JEE Physics: System of Particles – Complete Guide

The concept of the system of particles is essential in mechanics, especially in understanding complex motion involving multiple interacting bodies. For JEE aspirants, mastering this topic can help solve a wide range of problems related to the motion of composite bodies, collisions, and conservation laws. This guide covers everything you need to know about the system of particles, including center of mass, motion, momentum, internal and external forces, and problem-solving techniques.

1. What is a System of Particles?

A system of particles is a collection of two or more particles that interact with each other through forces. Instead of analyzing each particle separately, we consider the system as a whole and study its overall motion and dynamics.

This approach simplifies many problems where the particles are connected or interacting, such as in rigid bodies, molecules, or colliding bodies.

2. Center of Mass (COM)

The center of mass is the weighted average position of all the particles in the system. It acts as the point where the total mass of the system can be considered to be concentrated for translational motion analysis.

2.1 Definition

For a system of particles with masses \( m_1, m_2, \ldots, m_n \) located at position vectors \( \vec{r}_1, \vec{r}_2, \ldots, \vec{r}_n \), the position vector of the center of mass \( \vec{R} \) is:

\( \displaystyle \vec{R} = \frac{\sum_{i=1}^n m_i \vec{r}_i}{\sum_{i=1}^n m_i} \)

2.2 Properties of Center of Mass

3. Motion of the Center of Mass

The velocity of the center of mass \( \vec{V} \) is given by differentiating \( \vec{R} \) with respect to time:

\( \displaystyle \vec{V} = \frac{d \vec{R}}{dt} = \frac{\sum m_i \vec{v}_i}{\sum m_i} \)

where \( \vec{v}_i \) is the velocity of the \( i^{th} \) particle.

Similarly, acceleration of the center of mass \( \vec{A} \):

\( \displaystyle \vec{A} = \frac{d \vec{V}}{dt} = \frac{\sum m_i \vec{a}_i}{\sum m_i} \)

3.1 Interpretation

The motion of the system's center of mass behaves like a single particle of mass equal to total mass under the influence of the net external force acting on the system.

4. Momentum of a System of Particles

The total linear momentum \( \vec{P} \) of the system is the vector sum of the momenta of all individual particles:

\( \displaystyle \vec{P} = \sum_{i=1}^n m_i \vec{v}_i \)

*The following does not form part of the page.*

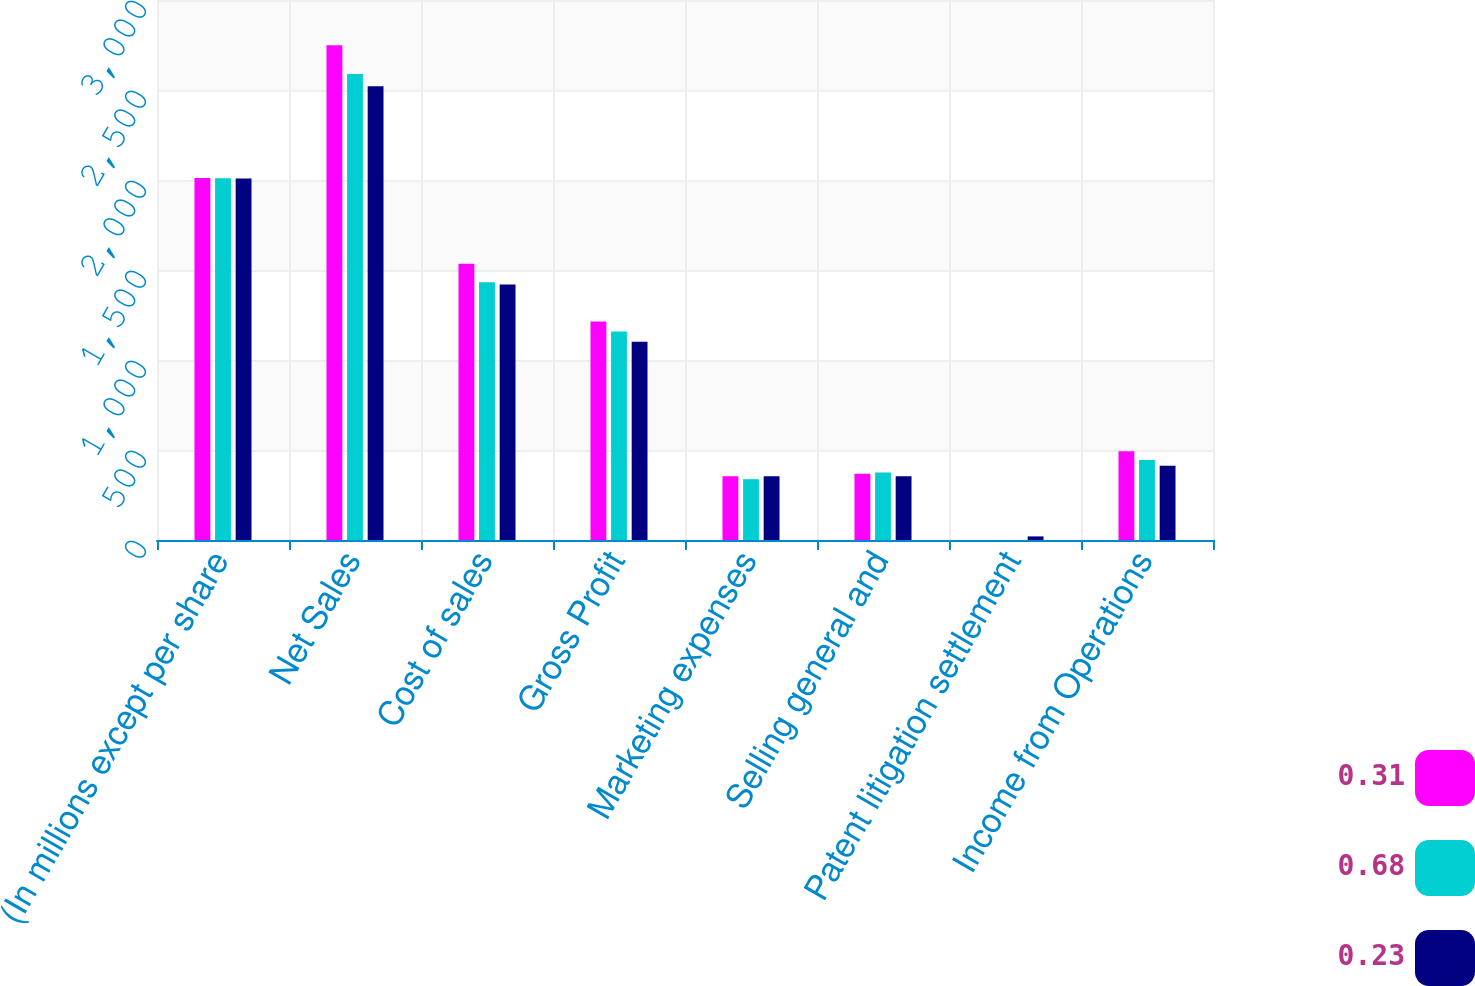Convert chart to OTSL. <chart><loc_0><loc_0><loc_500><loc_500><stacked_bar_chart><ecel><fcel>(In millions except per share<fcel>Net Sales<fcel>Cost of sales<fcel>Gross Profit<fcel>Marketing expenses<fcel>Selling general and<fcel>Patent litigation settlement<fcel>Income from Operations<nl><fcel>0.31<fcel>2011<fcel>2749.3<fcel>1534.8<fcel>1214.5<fcel>354.1<fcel>367.8<fcel>0<fcel>492.6<nl><fcel>0.68<fcel>2010<fcel>2589.2<fcel>1431.4<fcel>1157.8<fcel>338<fcel>374.8<fcel>0<fcel>445<nl><fcel>0.23<fcel>2009<fcel>2520.9<fcel>1419.9<fcel>1101<fcel>353.6<fcel>354.5<fcel>20<fcel>412.9<nl></chart>

Using center of mass velocity, it can be shown that:

\( \displaystyle \vec{P} = M \vec{V} \), where \( M = \sum_{i=1}^n m_i \)

This means total momentum equals total mass times velocity of center of mass.

5. Newton’s Laws for System of Particles

Applying Newton’s second law to each particle and summing over the system, we get:

\( \displaystyle \sum_{i=1}^n \vec{F}_i = \sum_{i=1}^n m_i \vec{a}_i \)

Forces \( \vec{F}_i \) can be split into external and internal forces:

\( \displaystyle \vec{F}_i = \vec{F}_{i}^{ext} + \sum_{j \neq i} \vec{F}_{ij}^{int} \)

where \( \vec{F}_{ij}^{int} \) is force on \( i^{th} \) particle due to \( j^{th} \) particle.

5.1 Internal Forces Cancel Out

By Newton’s third law, internal forces between pairs of particles are equal and opposite:

\( \displaystyle \vec{F}_{ij}^{int} = - \vec{F}_{ji}^{int} \)

Summing all internal forces over the system cancels out:

\( \displaystyle \sum_{i=1}^n \sum_{j \neq i} \vec{F}_{ij}^{int} = \vec{0} \)

Hence, total force on system equals sum of external forces only.

5.2 Equation of Motion for the System

Therefore,

\( \displaystyle \sum \vec{F}^{ext} = M \vec{A} \)

where \( M \) is total mass, \( \vec{A} \) acceleration of center of mass.

6. Work-Energy Theorem for System of Particles

Work done by external forces on the system changes the total kinetic energy of the system.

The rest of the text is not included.